───── Supplied information

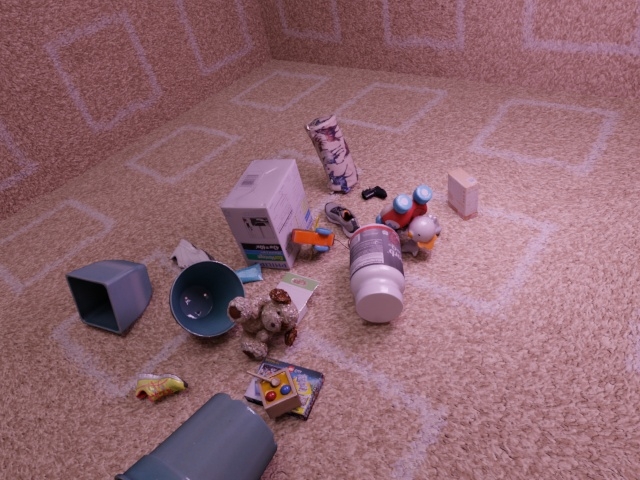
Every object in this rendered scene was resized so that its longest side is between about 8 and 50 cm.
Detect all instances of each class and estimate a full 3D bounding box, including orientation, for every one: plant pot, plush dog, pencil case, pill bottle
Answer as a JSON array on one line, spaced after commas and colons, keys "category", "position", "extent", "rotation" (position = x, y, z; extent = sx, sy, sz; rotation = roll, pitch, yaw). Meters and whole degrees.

──────────

Exercise aim –
Copy out all of the data word for word. Do not carry over any picture.

Answer below –
Every object in this rendered scene was resized so that its longest side is between about 8 and 50 cm.
Detect all instances of each class and estimate a full 3D bounding box, including orientation, for every one: plant pot, plush dog, pencil case, pill bottle
Answer as a JSON array on one line, spaced after commas and colons, keys "category", "position", "extent", "rotation" (position = x, y, z; extent = sx, sy, sz; rotation = roll, pitch, yaw). Meters and whole degrees.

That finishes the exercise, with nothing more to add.